At the Dyke March, you could hear every syllable of “We’re here, we’re queer, we’re fabulous, don’t fuck with us.” Every word of “When the dykes go marching in.” Each line of the Church Ladies for Choice again singing, “God is a lesbian, she is a lesbian. God is a dyke, send her victoria.” Every beat of the drum corps, calling, leading, announcing, drawing and driving us forward. Except for that corner where the Lesbian and Gay Big Apple Corps was, but I’m not complaining.

The banners:

Burn in the hellfires of my dyke rage.

Deport Jeff Sessions to hell.

Lesbians are miracles.

Love thy neighbor, no exceptions.

Dykes against borders: Welcome to my cuntry.

Support queer sex workers.

Queer as in abolish prisons.

LGBTs against border walls and family separations.

Trans dykes against ICE.

The patriarchy isn’t going to smash itself.

Justice and liberation, not capitalist assimilation.

How dare you assume I’m straight.

Lesbians against white supremacy.

President Gaslight, there’s a baby jail ready for you!

The first Pride was a riot.

No cops at Pride.

They tried to bury us; they didn’t know we were seeds.

It’s not possible to get behind every sign. Banning police from Pride forgets that cops are queer, too, on the street with “us” in and out of uniform. As exciting as it is to imagine a queer, female New York State governor, I’m more excited by the idea of people discussing ideas and policies and what is the most best for the most marginalized people than polarizing into candidate constituencies. Mocking Trump’s body plays into the same framework of beauty and value that is used against masculine women and trans women and leather bears, that promotes passing, that promotes rape. Even if Trump’s only value of women is their sexual utility, measuring him by his own yardstick still serves on some level to validate that warped, violent yardstick.
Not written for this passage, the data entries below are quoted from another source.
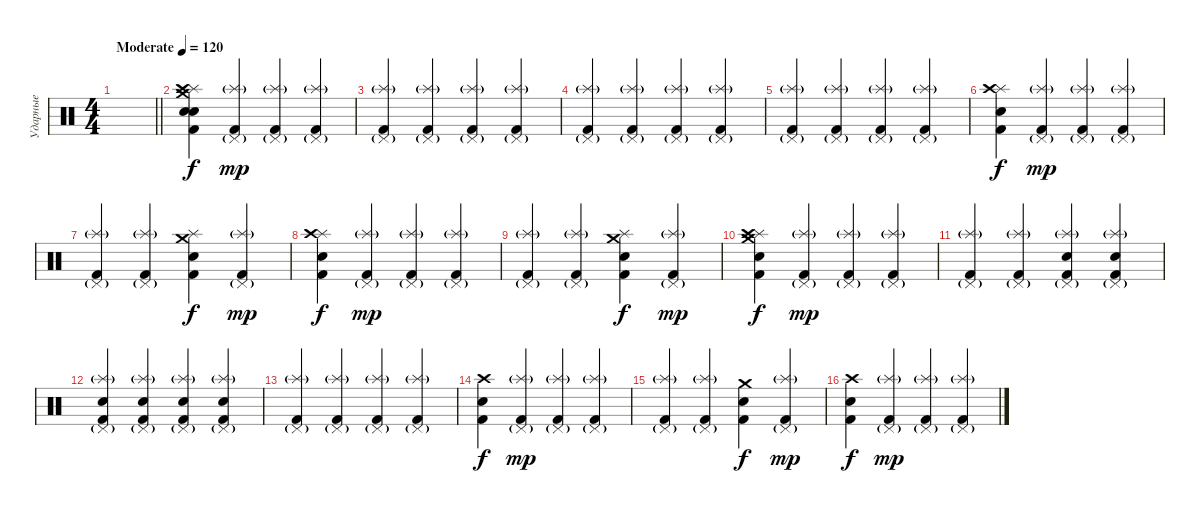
\track ("Ударные" "Ударные") {instrument percussion bank 2}
\staff {score}
\articulation defaults
\ts (4 4)
\tempo (120 "Moderate")
\clef neutral
\barLineRight lightlight
\ks c
|
("Kick (hit) 2" "Snare (hit)" "Splash (hit)" "Crash high (hit)" "Crash medium (hit)" "Snare (hit)").4 ("Kick (hit) 2" "Pedal Hi-Hat (hit)"{g} "Splash (hit)"{g}).4{dy mp} ("Kick (hit) 2" "Pedal Hi-Hat (hit)"{g} "Splash (hit)"{g}).4 ("Kick (hit) 2" "Pedal Hi-Hat (hit)"{g} "Splash (hit)"{g}).4 |
("Kick (hit) 2" "Pedal Hi-Hat (hit)"{g} "Splash (hit)"{g}).4 ("Kick (hit) 2" "Pedal Hi-Hat (hit)"{g} "Splash (hit)"{g}).4 ("Kick (hit) 2" "Pedal Hi-Hat (hit)"{g} "Splash (hit)"{g}).4 ("Kick (hit) 2" "Pedal Hi-Hat (hit)"{g} "Splash (hit)"{g}).4 |
("Kick (hit) 2" "Pedal Hi-Hat (hit)"{g} "Splash (hit)"{g}).4 ("Kick (hit) 2" "Pedal Hi-Hat (hit)"{g} "Splash (hit)"{g}).4 ("Kick (hit) 2" "Pedal Hi-Hat (hit)"{g} "Splash (hit)"{g}).4 ("Kick (hit) 2" "Pedal Hi-Hat (hit)"{g} "Splash (hit)"{g}).4 |
("Kick (hit) 2" "Pedal Hi-Hat (hit)"{g} "Splash (hit)"{g}).4 ("Kick (hit) 2" "Pedal Hi-Hat (hit)"{g} "Splash (hit)"{g}).4 ("Kick (hit) 2" "Pedal Hi-Hat (hit)"{g} "Splash (hit)"{g}).4 ("Kick (hit) 2" "Pedal Hi-Hat (hit)"{g} "Splash (hit)"{g}).4 |
("Kick (hit) 2" "Snare (hit) 2" "Splash (hit)" "Crash high (hit)").4{dy f} ("Kick (hit) 2" "Pedal Hi-Hat (hit)"{g} "Splash (hit)"{g}).4{dy mp} ("Kick (hit) 2" "Pedal Hi-Hat (hit)"{g} "Splash (hit)"{g}).4 ("Kick (hit) 2" "Pedal Hi-Hat (hit)"{g} "Splash (hit)"{g}).4 |
("Kick (hit) 2" "Pedal Hi-Hat (hit)"{g} "Splash (hit)"{g}).4 ("Kick (hit) 2" "Pedal Hi-Hat (hit)"{g} "Splash (hit)"{g}).4 ("Kick (hit) 2" "Snare (hit) 2" "Splash (hit)" "Crash medium (hit)").4{dy f} ("Kick (hit) 2" "Pedal Hi-Hat (hit)"{g} "Splash (hit)"{g}).4{dy mp} |
("Kick (hit) 2" "Snare (hit) 2" "Splash (hit)" "Crash high (hit)").4{dy f} ("Kick (hit) 2" "Pedal Hi-Hat (hit)"{g} "Splash (hit)"{g}).4{dy mp} ("Kick (hit) 2" "Pedal Hi-Hat (hit)"{g} "Splash (hit)"{g}).4 ("Kick (hit) 2" "Pedal Hi-Hat (hit)"{g} "Splash (hit)"{g}).4 |
("Kick (hit) 2" "Pedal Hi-Hat (hit)"{g} "Splash (hit)"{g}).4 ("Kick (hit) 2" "Pedal Hi-Hat (hit)"{g} "Splash (hit)"{g}).4 ("Kick (hit) 2" "Snare (hit) 2" "Splash (hit)" "Crash medium (hit)").4{dy f} ("Kick (hit) 2" "Pedal Hi-Hat (hit)"{g} "Splash (hit)"{g}).4{dy mp} |
("Kick (hit) 2" "Snare (hit) 2" "Splash (hit)" "Crash high (hit)" "Crash medium (hit)").4{dy f} ("Kick (hit) 2" "Pedal Hi-Hat (hit)"{g} "Splash (hit)"{g}).4{dy mp} ("Kick (hit) 2" "Pedal Hi-Hat (hit)"{g} "Splash (hit)"{g}).4 ("Kick (hit) 2" "Pedal Hi-Hat (hit)"{g} "Splash (hit)"{g}).4 |
("Kick (hit) 2" "Pedal Hi-Hat (hit)"{g} "Splash (hit)"{g}).4 ("Kick (hit) 2" "Pedal Hi-Hat (hit)"{g} "Splash (hit)"{g}).4 ("Kick (hit) 2" "Pedal Hi-Hat (hit)"{g} "Splash (hit)"{g} "Snare (hit)").4 ("Kick (hit) 2" "Pedal Hi-Hat (hit)"{g} "Splash (hit)"{g} "Snare (hit)").4 |
("Kick (hit) 2" "Pedal Hi-Hat (hit)"{g} "Splash (hit)"{g} "Snare (hit)").4 ("Kick (hit) 2" "Pedal Hi-Hat (hit)"{g} "Splash (hit)"{g} "Snare (hit)").4 ("Kick (hit) 2" "Pedal Hi-Hat (hit)"{g} "Splash (hit)"{g} "Snare (hit)").4 ("Kick (hit) 2" "Pedal Hi-Hat (hit)"{g} "Splash (hit)"{g} "Snare (hit)").4 |
("Kick (hit) 2" "Pedal Hi-Hat (hit)"{g} "Splash (hit)"{g}).4 ("Kick (hit) 2" "Pedal Hi-Hat (hit)"{g} "Splash (hit)"{g}).4 ("Kick (hit) 2" "Pedal Hi-Hat (hit)"{g} "Splash (hit)"{g}).4 ("Kick (hit) 2" "Pedal Hi-Hat (hit)"{g} "Splash (hit)"{g}).4 |
("Kick (hit) 2" "Snare (hit) 2" "Crash high (hit)").4{dy f} ("Kick (hit) 2" "Pedal Hi-Hat (hit)"{g} "Splash (hit)"{g}).4{dy mp} ("Kick (hit) 2" "Pedal Hi-Hat (hit)"{g} "Splash (hit)"{g}).4 ("Kick (hit) 2" "Pedal Hi-Hat (hit)"{g} "Splash (hit)"{g}).4 |
("Kick (hit) 2" "Pedal Hi-Hat (hit)"{g} "Splash (hit)"{g}).4 ("Kick (hit) 2" "Pedal Hi-Hat (hit)"{g} "Splash (hit)"{g}).4 ("Kick (hit) 2" "Snare (hit) 2" "Crash medium (hit)").4{dy f} ("Kick (hit) 2" "Pedal Hi-Hat (hit)"{g} "Splash (hit)"{g}).4{dy mp} |
("Kick (hit) 2" "Snare (hit) 2" "Crash high (hit)").4{dy f} ("Kick (hit) 2" "Pedal Hi-Hat (hit)"{g} "Splash (hit)"{g}).4{dy mp} ("Kick (hit) 2" "Pedal Hi-Hat (hit)"{g} "Splash (hit)"{g}).4 ("Kick (hit) 2" "Pedal Hi-Hat (hit)"{g} "Splash (hit)"{g}).4

I don’t agree with every sign or every dyke in the march, but that’s part of the beauty of it. There were a lot of us in all the ways we do and look and dress. I was representing, for example, the earnest, square portion of genderbent soft-masculine tranny dykes. That happens at Sunday’s thing, too, maybe more so. I love that salacious, sordid, half-naked, tatted and studded and body-painted part of us. (It’s okay if kids find out we have bodies. Jesus, it’s okay if kids find out that bodies feel good. They already know. Take the opportunity to talk about consent instead of covering their eyes. Or don’t. Don’t listen to me; I don’t have kids.)
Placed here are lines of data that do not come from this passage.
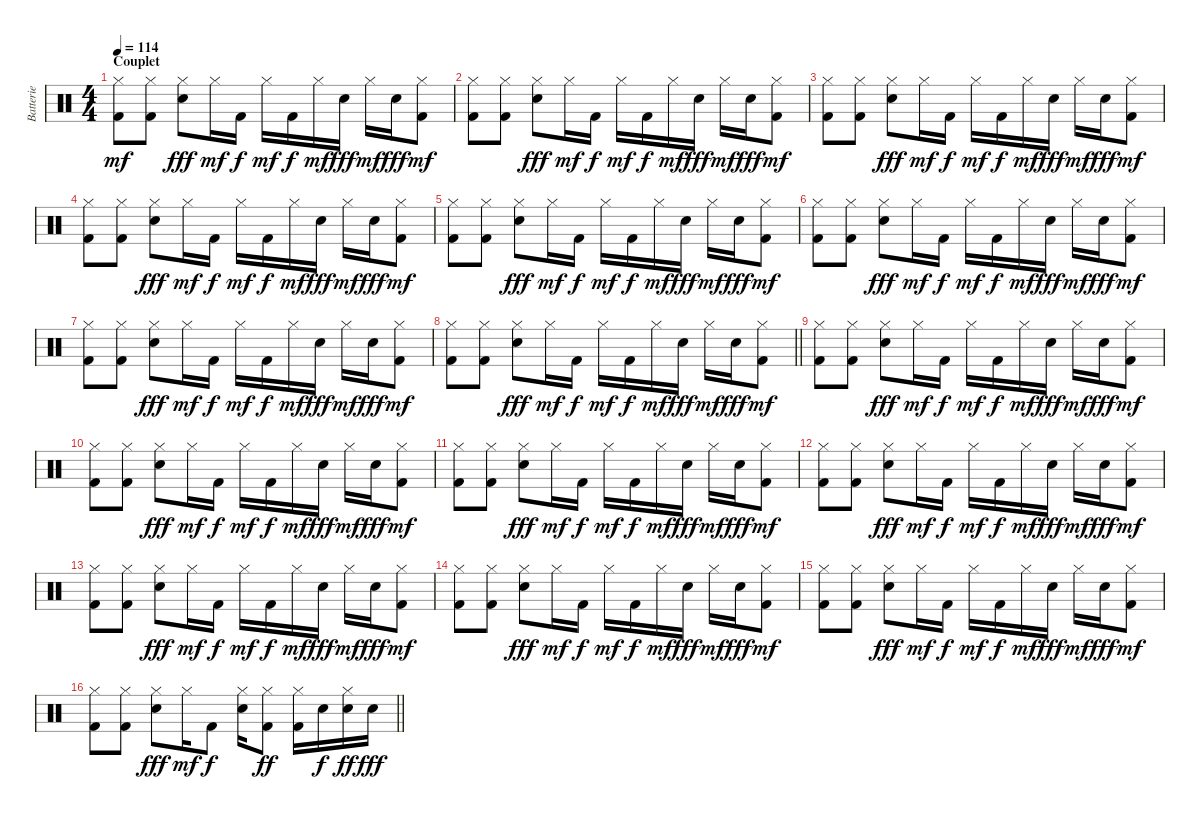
\track ("Batterie" "Batterie") {instrument percussion}
\staff {score}
\articulation defaults
\ts (4 4)
\section ("" "Couplet")
\tempo 114
\clef neutral
\ks c
("Hi-Hat (closed)" "Kick (hit) 2").8{dy mf} ("Hi-Hat (closed)" "Kick (hit) 2").8 ("Hi-Hat (closed)" "Snare (hit) 2").8{dy fff} "Hi-Hat (closed)".16{dy mf} "Kick (hit) 2".16{dy f} "Hi-Hat (closed)".16{dy mf} "Kick (hit) 2".16{dy f} "Hi-Hat (closed)".16{dy mf} "Snare (hit) 2".16{dy fff} "Hi-Hat (closed)".16{dy mf} "Snare (hit) 2".16{dy fff} ("Hi-Hat (closed)" "Kick (hit) 2").8{dy mf} |
("Hi-Hat (closed)" "Kick (hit) 2").8 ("Hi-Hat (closed)" "Kick (hit) 2").8 ("Hi-Hat (closed)" "Snare (hit) 2").8{dy fff} "Hi-Hat (closed)".16{dy mf} "Kick (hit) 2".16{dy f} "Hi-Hat (closed)".16{dy mf} "Kick (hit) 2".16{dy f} "Hi-Hat (closed)".16{dy mf} "Snare (hit) 2".16{dy fff} "Hi-Hat (closed)".16{dy mf} "Snare (hit) 2".16{dy fff} ("Hi-Hat (closed)" "Kick (hit) 2").8{dy mf} |
("Hi-Hat (closed)" "Kick (hit) 2").8 ("Hi-Hat (closed)" "Kick (hit) 2").8 ("Hi-Hat (closed)" "Snare (hit) 2").8{dy fff} "Hi-Hat (closed)".16{dy mf} "Kick (hit) 2".16{dy f} "Hi-Hat (closed)".16{dy mf} "Kick (hit) 2".16{dy f} "Hi-Hat (closed)".16{dy mf} "Snare (hit) 2".16{dy fff} "Hi-Hat (closed)".16{dy mf} "Snare (hit) 2".16{dy fff} ("Hi-Hat (closed)" "Kick (hit) 2").8{dy mf} |
("Hi-Hat (closed)" "Kick (hit) 2").8 ("Hi-Hat (closed)" "Kick (hit) 2").8 ("Hi-Hat (closed)" "Snare (hit) 2").8{dy fff} "Hi-Hat (closed)".16{dy mf} "Kick (hit) 2".16{dy f} "Hi-Hat (closed)".16{dy mf} "Kick (hit) 2".16{dy f} "Hi-Hat (closed)".16{dy mf} "Snare (hit) 2".16{dy fff} "Hi-Hat (closed)".16{dy mf} "Snare (hit) 2".16{dy fff} ("Hi-Hat (closed)" "Kick (hit) 2").8{dy mf} |
("Hi-Hat (closed)" "Kick (hit) 2").8 ("Hi-Hat (closed)" "Kick (hit) 2").8 ("Hi-Hat (closed)" "Snare (hit) 2").8{dy fff} "Hi-Hat (closed)".16{dy mf} "Kick (hit) 2".16{dy f} "Hi-Hat (closed)".16{dy mf} "Kick (hit) 2".16{dy f} "Hi-Hat (closed)".16{dy mf} "Snare (hit) 2".16{dy fff} "Hi-Hat (closed)".16{dy mf} "Snare (hit) 2".16{dy fff} ("Hi-Hat (closed)" "Kick (hit) 2").8{dy mf} |
("Hi-Hat (closed)" "Kick (hit) 2").8 ("Hi-Hat (closed)" "Kick (hit) 2").8 ("Hi-Hat (closed)" "Snare (hit) 2").8{dy fff} "Hi-Hat (closed)".16{dy mf} "Kick (hit) 2".16{dy f} "Hi-Hat (closed)".16{dy mf} "Kick (hit) 2".16{dy f} "Hi-Hat (closed)".16{dy mf} "Snare (hit) 2".16{dy fff} "Hi-Hat (closed)".16{dy mf} "Snare (hit) 2".16{dy fff} ("Hi-Hat (closed)" "Kick (hit) 2").8{dy mf} |
("Hi-Hat (closed)" "Kick (hit) 2").8 ("Hi-Hat (closed)" "Kick (hit) 2").8 ("Hi-Hat (closed)" "Snare (hit) 2").8{dy fff} "Hi-Hat (closed)".16{dy mf} "Kick (hit) 2".16{dy f} "Hi-Hat (closed)".16{dy mf} "Kick (hit) 2".16{dy f} "Hi-Hat (closed)".16{dy mf} "Snare (hit) 2".16{dy fff} "Hi-Hat (closed)".16{dy mf} "Snare (hit) 2".16{dy fff} ("Hi-Hat (closed)" "Kick (hit) 2").8{dy mf} |
\barLineRight lightlight
("Hi-Hat (closed)" "Kick (hit) 2").8 ("Hi-Hat (closed)" "Kick (hit) 2").8 ("Hi-Hat (closed)" "Snare (hit) 2").8{dy fff} "Hi-Hat (closed)".16{dy mf} "Kick (hit) 2".16{dy f} "Hi-Hat (closed)".16{dy mf} "Kick (hit) 2".16{dy f} "Hi-Hat (closed)".16{dy mf} "Snare (hit) 2".16{dy fff} "Hi-Hat (closed)".16{dy mf} "Snare (hit) 2".16{dy fff} ("Hi-Hat (closed)" "Kick (hit) 2").8{dy mf} |
("Hi-Hat (closed)" "Kick (hit) 2").8 ("Hi-Hat (closed)" "Kick (hit) 2").8 ("Hi-Hat (closed)" "Snare (hit) 2").8{dy fff} "Hi-Hat (closed)".16{dy mf} "Kick (hit) 2".16{dy f} "Hi-Hat (closed)".16{dy mf} "Kick (hit) 2".16{dy f} "Hi-Hat (closed)".16{dy mf} "Snare (hit) 2".16{dy fff} "Hi-Hat (closed)".16{dy mf} "Snare (hit) 2".16{dy fff} ("Hi-Hat (closed)" "Kick (hit) 2").8{dy mf} |
("Hi-Hat (closed)" "Kick (hit) 2").8 ("Hi-Hat (closed)" "Kick (hit) 2").8 ("Hi-Hat (closed)" "Snare (hit) 2").8{dy fff} "Hi-Hat (closed)".16{dy mf} "Kick (hit) 2".16{dy f} "Hi-Hat (closed)".16{dy mf} "Kick (hit) 2".16{dy f} "Hi-Hat (closed)".16{dy mf} "Snare (hit) 2".16{dy fff} "Hi-Hat (closed)".16{dy mf} "Snare (hit) 2".16{dy fff} ("Hi-Hat (closed)" "Kick (hit) 2").8{dy mf} |
("Hi-Hat (closed)" "Kick (hit) 2").8 ("Hi-Hat (closed)" "Kick (hit) 2").8 ("Hi-Hat (closed)" "Snare (hit) 2").8{dy fff} "Hi-Hat (closed)".16{dy mf} "Kick (hit) 2".16{dy f} "Hi-Hat (closed)".16{dy mf} "Kick (hit) 2".16{dy f} "Hi-Hat (closed)".16{dy mf} "Snare (hit) 2".16{dy fff} "Hi-Hat (closed)".16{dy mf} "Snare (hit) 2".16{dy fff} ("Hi-Hat (closed)" "Kick (hit) 2").8{dy mf} |
("Hi-Hat (closed)" "Kick (hit) 2").8 ("Hi-Hat (closed)" "Kick (hit) 2").8 ("Hi-Hat (closed)" "Snare (hit) 2").8{dy fff} "Hi-Hat (closed)".16{dy mf} "Kick (hit) 2".16{dy f} "Hi-Hat (closed)".16{dy mf} "Kick (hit) 2".16{dy f} "Hi-Hat (closed)".16{dy mf} "Snare (hit) 2".16{dy fff} "Hi-Hat (closed)".16{dy mf} "Snare (hit) 2".16{dy fff} ("Hi-Hat (closed)" "Kick (hit) 2").8{dy mf} |
("Hi-Hat (closed)" "Kick (hit) 2").8 ("Hi-Hat (closed)" "Kick (hit) 2").8 ("Hi-Hat (closed)" "Snare (hit) 2").8{dy fff} "Hi-Hat (closed)".16{dy mf} "Kick (hit) 2".16{dy f} "Hi-Hat (closed)".16{dy mf} "Kick (hit) 2".16{dy f} "Hi-Hat (closed)".16{dy mf} "Snare (hit) 2".16{dy fff} "Hi-Hat (closed)".16{dy mf} "Snare (hit) 2".16{dy fff} ("Hi-Hat (closed)" "Kick (hit) 2").8{dy mf} |
("Hi-Hat (closed)" "Kick (hit) 2").8 ("Hi-Hat (closed)" "Kick (hit) 2").8 ("Hi-Hat (closed)" "Snare (hit) 2").8{dy fff} "Hi-Hat (closed)".16{dy mf} "Kick (hit) 2".16{dy f} "Hi-Hat (closed)".16{dy mf} "Kick (hit) 2".16{dy f} "Hi-Hat (closed)".16{dy mf} "Snare (hit) 2".16{dy fff} "Hi-Hat (closed)".16{dy mf} "Snare (hit) 2".16{dy fff} ("Hi-Hat (closed)" "Kick (hit) 2").8{dy mf} |
("Hi-Hat (closed)" "Kick (hit) 2").8 ("Hi-Hat (closed)" "Kick (hit) 2").8 ("Hi-Hat (closed)" "Snare (hit) 2").8{dy fff} "Hi-Hat (closed)".16{dy mf} "Kick (hit) 2".16{dy f} "Hi-Hat (closed)".16{dy mf} "Kick (hit) 2".16{dy f} "Hi-Hat (closed)".16{dy mf} "Snare (hit) 2".16{dy fff} "Hi-Hat (closed)".16{dy mf} "Snare (hit) 2".16{dy fff} ("Hi-Hat (closed)" "Kick (hit) 2").8{dy mf} |
\barLineRight lightlight
("Hi-Hat (closed)" "Kick (hit) 2").8 ("Hi-Hat (closed)" "Kick (hit) 2").8 ("Hi-Hat (closed)" "Snare (hit) 2").8{dy fff} "Hi-Hat (closed)".16{dy mf} "Kick (hit) 2".8{dy f} ("Hi-Hat (closed)" "Snare (hit) 2").16 ("Hi-Hat (closed)" "Kick (hit) 2").8{dy ff} ("Hi-Hat (closed)" "Kick (hit) 2").16 "Snare (hit) 2".16{dy f} ("Hi-Hat (closed)" "Snare (hit) 2").16{dy ff} "Snare (hit) 2".16{dy fff}

I watched small group of homophobes travel south with us for 34 blocks carrying signs with surprisingly bland verses about God and the bible. I watched a dyke doggedly follow them block after block to stand next to them with her sign, “Closeted Homosexuals” and an arrow. And somewhere around 14th Street, I saw her talking to the God-bible sign guy, listening to him make his argument about our salvation. It’s not that Sunday’s event doesn’t have room for that, probably, in the sense of heart and generosity. It just doesn’t have room for that. It’s a press of people jammed together, more this year maybe than ever with that bogus horseshoe route that quarantined us to Chelsea and the West Village. I have so many swears about that.

And you couldn’t count all the signs protesting ICE and immigration policy, white supremacy and patriarchy. The collection from this year’s march was to benefit RAICES, that provides legal services to immigrants and refugees in Texas.

Bottom line, it probably comes down to ratios. Sunday is a celebration with some dabs of protest. It’s a party, a parade. And that’s fine. A bunch of people like to crowd together for a party in Times Square every year, too, and dance and watch the ball drop.

The Dyke March I think, still, is a protest. It’s still a march. And that is the celebration.